Automating the build and deploy of production software

Danny Morris 2021-03-03 2 min read

This document serves as a guide for all team members as we start to build out production assets and the production automation pipeline.

High-level overview

The following diagram presents a high-level overview of the production automation lifecycle.

Each day, the datakit codebase will collect new incidents from the source API and update the database with production data assets. Then, the dssquad-ml codebase will retrain the model on fresh data and insert forecasts into the database. Finally, the dssquad-app codebase will build and deploy a new version of the Streamlit app using all up-to-date production data assets.

All of this will happen via automation.

Basic production requirements for each team

Data Engineering - Requirements

Machine Learning - Requirements

Web application - Requirements

Automating workflows with GitHub Actions

GitHub Actions will make it easy to automate and orchestrate the execution of our code to build and deploy our software. For our purposes, we will use GitHub Actions to trigger the execution of production code across multiple repositories sequentially to automate our daily builds.

GitHub Actions runs workflows to execute code. A workflow is user-defined and contained in a .yaml configuration file (example) in the repository. Workflows contain a series of instructions, such as installing Python and third-party libraries, that enable the execution of code in an isolated virtual environment.
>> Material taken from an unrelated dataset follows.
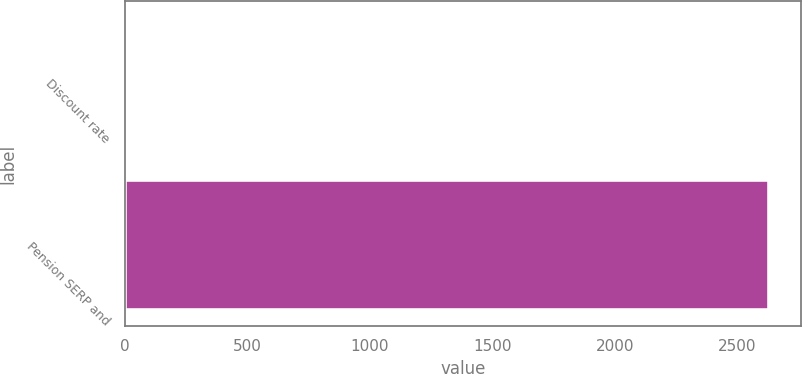<chart> <loc_0><loc_0><loc_500><loc_500><bar_chart><fcel>Discount rate<fcel>Pension SERP and<nl><fcel>3.5<fcel>2627<nl></chart>

Events are web-based actions that trigger a workflow to run. Common event types include:

  • schedule, i.e. the workflow on a schedule defined by a cron expression
  • push, i.e. the workflow is triggered whenever a commit is pushed
  • worflow_dispatch, e.g. the completion of a workflow in one repository triggers the execution of a workflow in another
Using GitHub Actions for our project

For our project, we will use the following workflows and events to automate our daily builds:

  1. The dssquad-datakit workflow is triggered by a schedule event at [insert time] each day.

  2. Upon completion, the dssquad-datakit workflow sends a worflow_dispatch event to the dssquad-ml workflow for execution.

  3. Upon completion, the dssquad-ml workflow sends a worflow_dispatch event to the dssquad-app repository for execution.